● **Problem requirements**: Output each record exactly as given. Leave out every picture.

● **Dataset**:
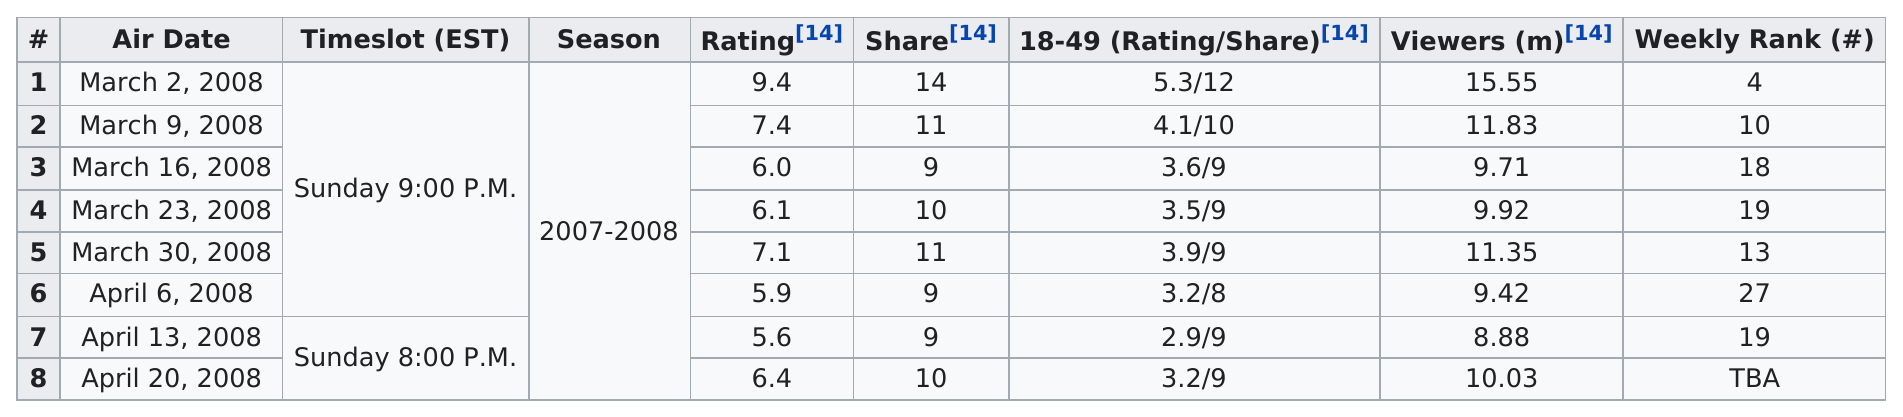Point out several critical features in this image. The episode with 11.35 million viewers was on March 30, 2008. For how long did the program air for, in days? The program aired for 8 days. Which television show had the highest rating among the options provided between 1 and? The least-rated air date was April 13, 2008. On March 2, 2008, the episode that had the highest rating was recorded. 
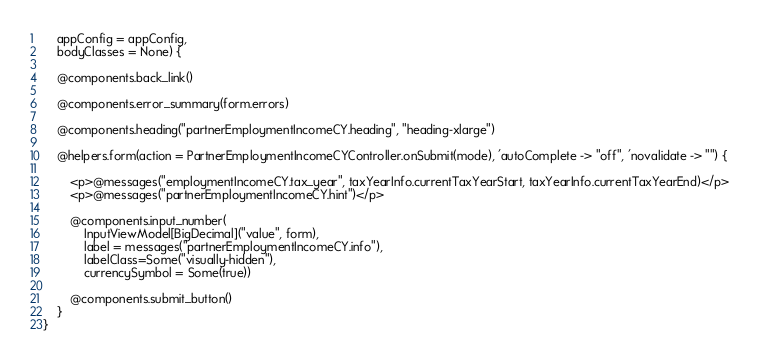<code> <loc_0><loc_0><loc_500><loc_500><_HTML_>    appConfig = appConfig,
    bodyClasses = None) {

    @components.back_link()

    @components.error_summary(form.errors)

    @components.heading("partnerEmploymentIncomeCY.heading", "heading-xlarge")

    @helpers.form(action = PartnerEmploymentIncomeCYController.onSubmit(mode), 'autoComplete -> "off", 'novalidate -> "") {

        <p>@messages("employmentIncomeCY.tax_year", taxYearInfo.currentTaxYearStart, taxYearInfo.currentTaxYearEnd)</p>
        <p>@messages("partnerEmploymentIncomeCY.hint")</p>

        @components.input_number(
            InputViewModel[BigDecimal]("value", form),
            label = messages("partnerEmploymentIncomeCY.info"),
            labelClass=Some("visually-hidden"),
            currencySymbol = Some(true))

        @components.submit_button()
    }
}
</code> 
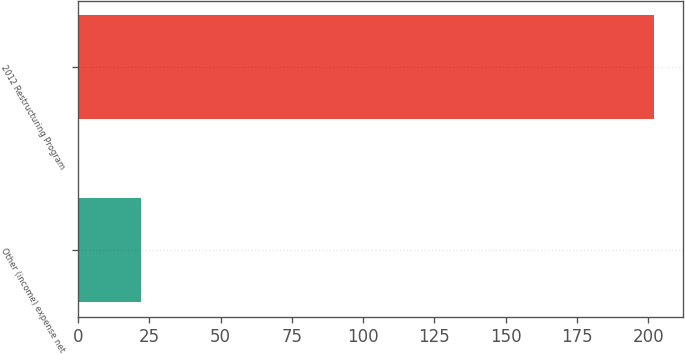Convert chart to OTSL. <chart><loc_0><loc_0><loc_500><loc_500><bar_chart><fcel>Other (income) expense net<fcel>2012 Restructuring Program<nl><fcel>22<fcel>202<nl></chart>

● **Completed exercise**:
Point out several critical features in this image. The episode with 11.35 million viewers was on March 30, 2008. For how long did the program air for, in days? The program aired for 8 days. Which television show had the highest rating among the options provided between 1 and? The least-rated air date was April 13, 2008. On March 2, 2008, the episode that had the highest rating was recorded. 
<code> <loc_0><loc_0><loc_500><loc_500><_HTML_>    appConfig = appConfig,
    bodyClasses = None) {

    @components.back_link()

    @components.error_summary(form.errors)

    @components.heading("partnerEmploymentIncomeCY.heading", "heading-xlarge")

    @helpers.form(action = PartnerEmploymentIncomeCYController.onSubmit(mode), 'autoComplete -> "off", 'novalidate -> "") {

        <p>@messages("employmentIncomeCY.tax_year", taxYearInfo.currentTaxYearStart, taxYearInfo.currentTaxYearEnd)</p>
        <p>@messages("partnerEmploymentIncomeCY.hint")</p>

        @components.input_number(
            InputViewModel[BigDecimal]("value", form),
            label = messages("partnerEmploymentIncomeCY.info"),
            labelClass=Some("visually-hidden"),
            currencySymbol = Some(true))

        @components.submit_button()
    }
}
</code> 
Convert chart to OTSL. <chart><loc_0><loc_0><loc_500><loc_500><bar_chart><fcel>Other (income) expense net<fcel>2012 Restructuring Program<nl><fcel>22<fcel>202<nl></chart>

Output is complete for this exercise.